Entertainment

'Fruitvale Station' Is Raw and Powerful

by Maitri Suhas

On New Year's Day in 2009, Oscar Grant was fatally shot by a police officer after reports of an altercation on the San Francisco BART. On Friday July 12, director Ryan Coogler is premiering a film based on the event. Called Fruitvale Station for where the shooting occurred, critics are already hailing Michael B. Jordan's performance as one of the best and most complex of the year.

Witnesses captured the shooting of Grant that January four years ago on their cellphones, and Coogler begins Fruitvale Station with cellphone video footage of the altercation. However, Fruitvale Station is not a story about the aftermath of the shooting, which was marked by both riots and peaceful protests and a high-profile trial of the officer who shot Grant, but is instead a look back at the last day of Grant's life.

Grant, only 22, was unarmed when shot. His death was and still remains a glaring reminder of the racial tensions between police and young people of color.
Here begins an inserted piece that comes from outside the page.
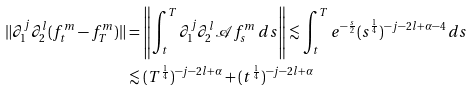Convert formula to latex. <formula><loc_0><loc_0><loc_500><loc_500>\| \partial _ { 1 } ^ { j } \partial _ { 2 } ^ { l } ( f ^ { m } _ { t } - f ^ { m } _ { T } ) \| & = \left \| \int ^ { T } _ { t } \partial _ { 1 } ^ { j } \partial _ { 2 } ^ { l } \mathcal { A } f ^ { m } _ { s } \, d s \right \| \lesssim \int ^ { T } _ { t } e ^ { - \frac { s } { 2 } } ( s ^ { \frac { 1 } { 4 } } ) ^ { - j - 2 l + \alpha - 4 } \, d s \\ & \lesssim ( T ^ { \frac { 1 } { 4 } } ) ^ { - j - 2 l + \alpha } + ( t ^ { \frac { 1 } { 4 } } ) ^ { - j - 2 l + \alpha }</formula>

Coogler noted that he himself felt “angry, frustrated, scared, and more than anything filled with questions as to how this could happen," and chose to focus on the events of the last day of Grant's life, not in an effort to make him a martyr, but to expose his humanity.

Fruitvale Station premieres on Friday July 12. It won the US Grand Jury Prize at this year's Cannes Film Festival.